> TASK PROMPT
Among the entries, how many lines carry the string "this"? Give the number and nothing else.

── DATA EXCERPTS

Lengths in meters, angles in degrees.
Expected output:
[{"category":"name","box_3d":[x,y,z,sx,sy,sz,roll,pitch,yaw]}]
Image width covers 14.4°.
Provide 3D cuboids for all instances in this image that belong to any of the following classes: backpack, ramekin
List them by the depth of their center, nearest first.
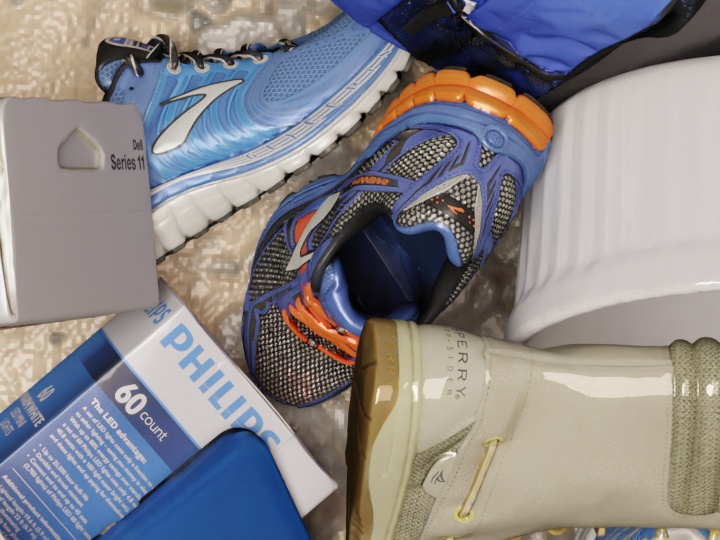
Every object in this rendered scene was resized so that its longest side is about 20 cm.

────

> SOLUTION BELOW
2